- **WHAT YOU SHOULD DO**
Beginning at the line that contains "OpenCV camera frame", reproduce the entries below exactly, ending with the line that contains "Format: one line". Omit each picture.

- **STUDY MATERIAL**
- - - - -

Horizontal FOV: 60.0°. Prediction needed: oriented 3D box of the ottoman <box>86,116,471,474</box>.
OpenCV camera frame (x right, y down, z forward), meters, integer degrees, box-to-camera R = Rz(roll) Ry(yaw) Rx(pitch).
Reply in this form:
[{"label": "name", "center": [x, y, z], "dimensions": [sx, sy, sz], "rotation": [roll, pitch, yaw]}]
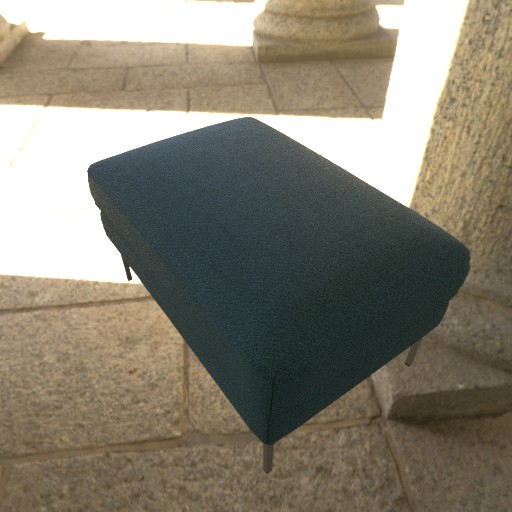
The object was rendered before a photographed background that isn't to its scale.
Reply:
[{"label": "ottoman", "center": [0.000, 0.000, 1.179], "dimensions": [0.563, 0.498, 0.856], "rotation": [-26, 48, -26]}]
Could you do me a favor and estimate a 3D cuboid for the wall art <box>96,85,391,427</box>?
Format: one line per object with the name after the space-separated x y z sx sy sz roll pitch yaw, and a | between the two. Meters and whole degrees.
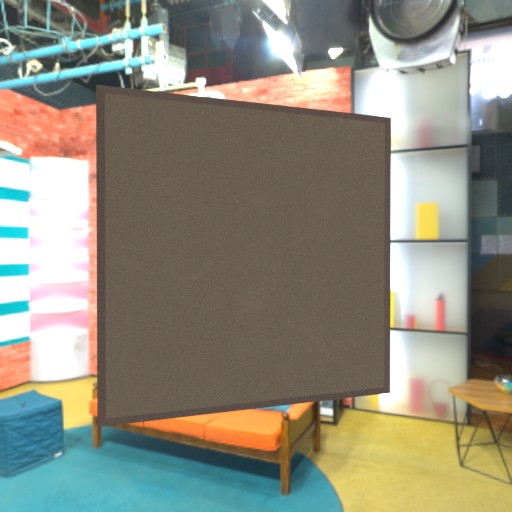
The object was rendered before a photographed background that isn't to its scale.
0.000 0.000 0.753 0.508 0.506 0.038 0 1 -18 | wall art

- - - - -

- **SOLUTION FOR THIS EXERCISE**
OpenCV camera frame (x right, y down, z forward), meters, integer degrees, box-to-camera R = Rz(roll) Ry(yaw) Rx(pitch).
Reply in this form:
[{"label": "name", "center": [x, y, z], "dimensions": [sx, sy, sz], "rotation": [roll, pitch, yaw]}]
The object was rendered before a photographed background that isn't to its scale.
Reply:
[{"label": "ottoman", "center": [0.000, 0.000, 1.179], "dimensions": [0.563, 0.498, 0.856], "rotation": [-26, 48, -26]}]
Could you do me a favor and estimate a 3D cuboid for the wall art <box>96,85,391,427</box>?
Format: one line per object with the name after the space-separated x y z sx sy sz roll pitch yaw, and a | between the two. Meters and whole degrees.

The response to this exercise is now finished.